Refs: bowtie-json-schema/bowtie#34

Expected Outcomes

A new bowtie trend command which can aggregate together results from Bowtie, producing a trend report
A page on the website which uses this trend report to produce graphs of failed tests over time

Skills Required

Comfort with Python as well as Typescript
Basic data processing skils
Fundamental knowledge of JSON Schema validation

Mentors

@Julian

Expected Difficulty
Medium

Expected Time Commitment
350 hour

Related issue in the JSON Schema org repo: #607

The text was updated successfully, but these errors were encountered:

benjagm · 2024-02-22T09:19:23Z

Thanks for your interest! Lets continue the discussion in this issue inside the JSON Schema project: #607

Akshaybagai52 · 2024-02-22T12:32:24Z

Hey @Julian @benjagm
I would love to work on this task under GSOC 2024 would love to discuss more about this
Thanks

Julian · 2024-02-22T15:42:38Z

Welcome folks.

Here are some suggestions on how to get started:

Before anything else, you're highly encouraged to read through some basic JSON Schema materials, which you can find on the JSON Schema website. A good way to test yourself is to think about whether you understand the basics of what JSON Schema is used for, and what a tool that implements it does at a high level.
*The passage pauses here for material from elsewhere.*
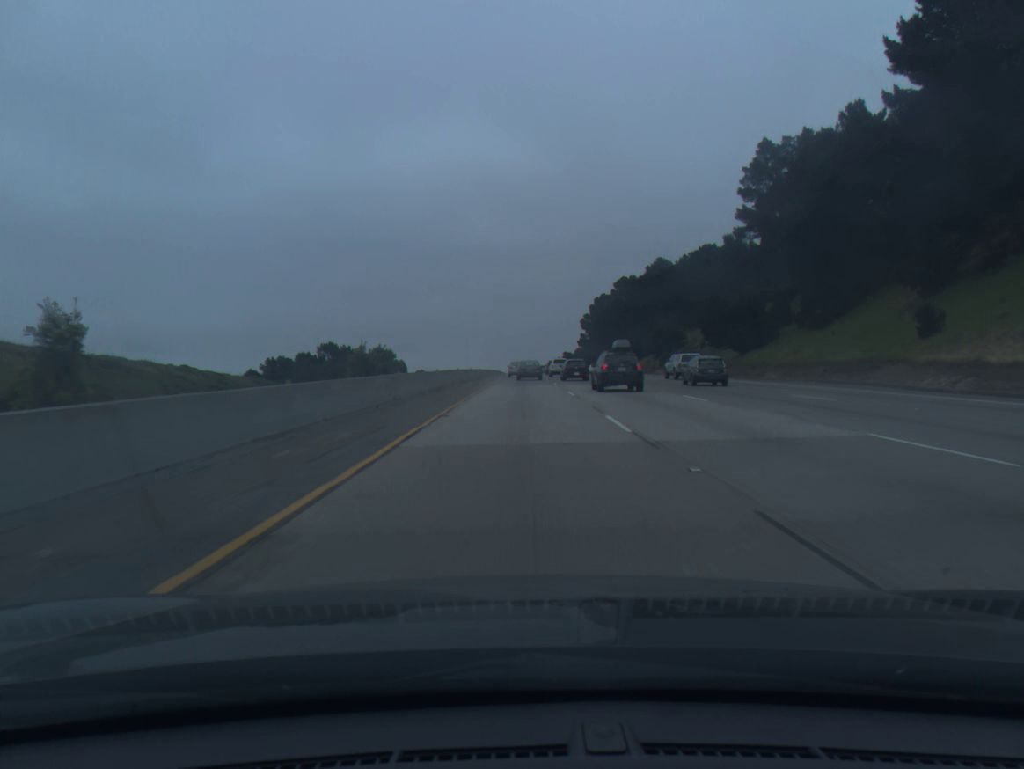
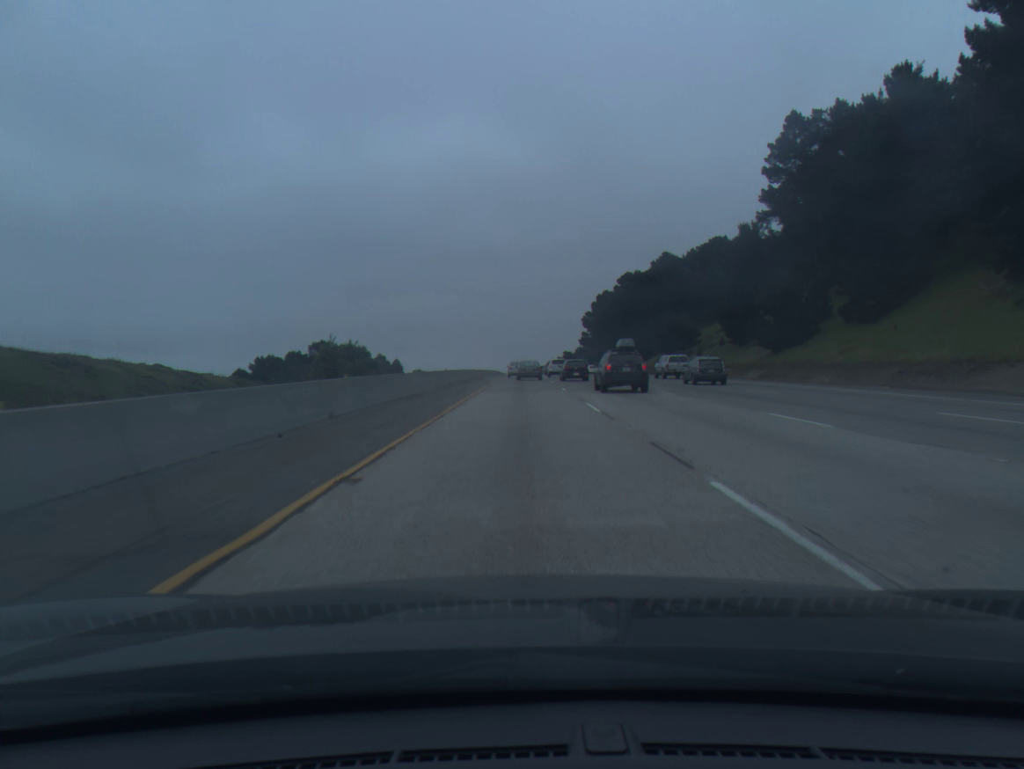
(0.0, +9.4) m; 0°
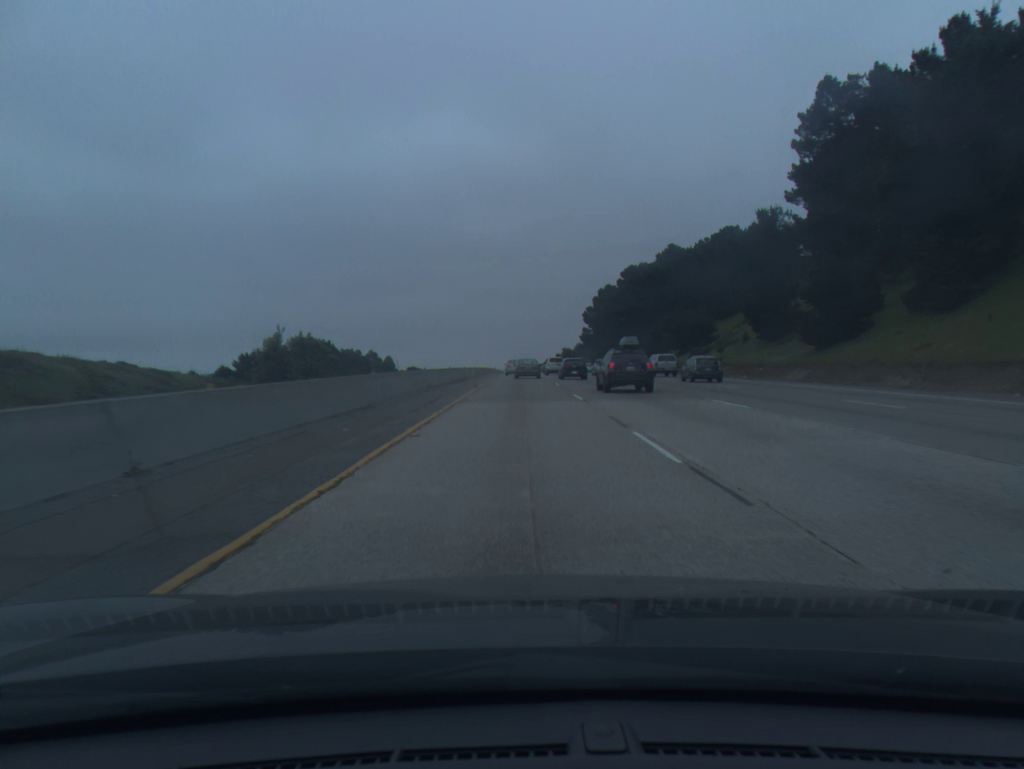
(0.0, +9.7) m; 0°
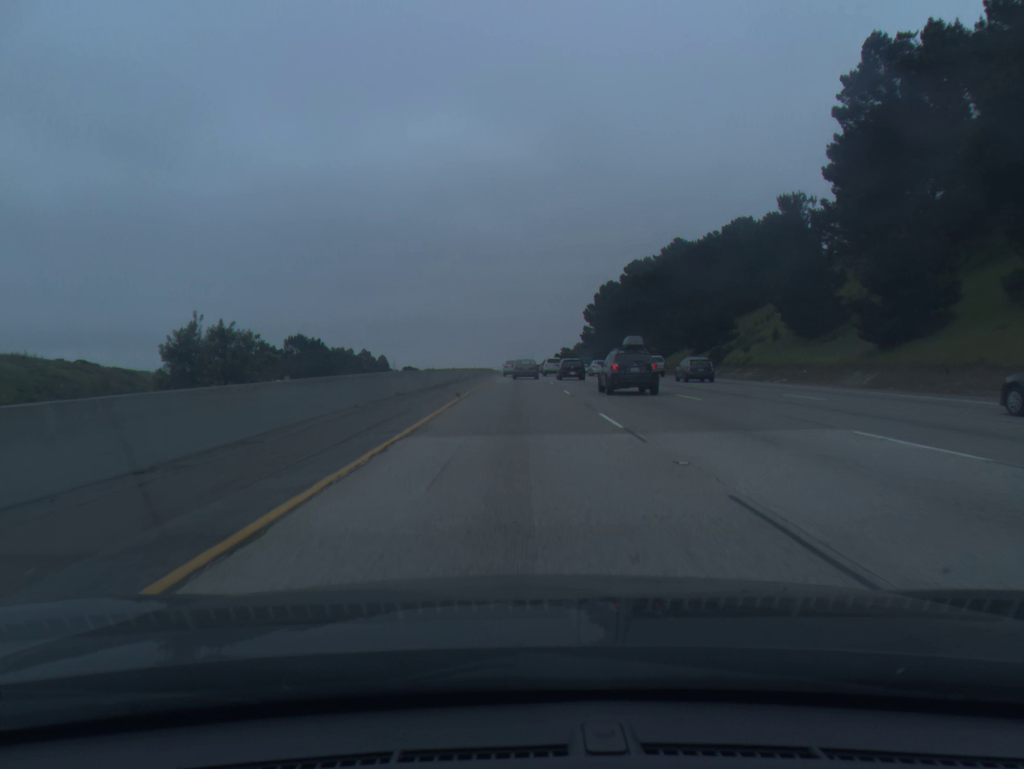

After that, you can have a quick read through Bowtie's documentation, though I wouldn't read it in depth, and it isn't fully comprehensive (if you see specific gaps, you're welcome to send PRs to improve any bit of it!)

For Bowtie itself then:

there are a number of issues tagged with good first issue, but many or most are already in progress. If you see one that isn't, you're welcome to try it! Ask as well on the issue if you're unsure or need clarification.
Keep an eye on the above as I add more as they get solved
Beyond the above, a large general area of improvement is UI tests! We don't have very many. You can find the few we do have and see if you can think of any additional small, self-contained additional tests we can add!

Good luck!

alexialg05 · 2024-02-26T21:49:49Z

@Julian @benjagm I would love to work on this project during GSOC 2024, are
there any starting contributions I can beggin with that you can get me assigned, some of them seemed to be taken,
looking foward to work with you!

benjagm · 2024-02-27T11:03:14Z

Thanks a lot for joining JSON Schema org for this edition of GSoC!!

Qualification tasks will be published as comments in the project ideas by Thursday/Friday of this week. In addition I'd like to invite you to a office hours session this thursday 18:30 UTC where we'll present the ideas and the relevant date to consider at this stage of the program.

Please use this link to join the session:
🌐 Zoom
📅 20124-02-29 18:30 UTC

See you there!

ashmit-coder · 2024-03-05T18:21:33Z

Hey @Julian is there no specific Qualificaion task for this project or is it still under process?

Julian · 2024-03-05T18:26:14Z

The task is #607 (comment) -- i.e. "get the project up and running, fix an outstanding issue, or if you don't see one, send a PR adding a UI test"!

sd1p · 2024-03-08T18:27:19Z

Hey! @Julian @benjagm, I wanted to express my interest in working on this project. I'm proficient in TypeScript and Python, and I've already taken the time to familiarize myself with the codebase.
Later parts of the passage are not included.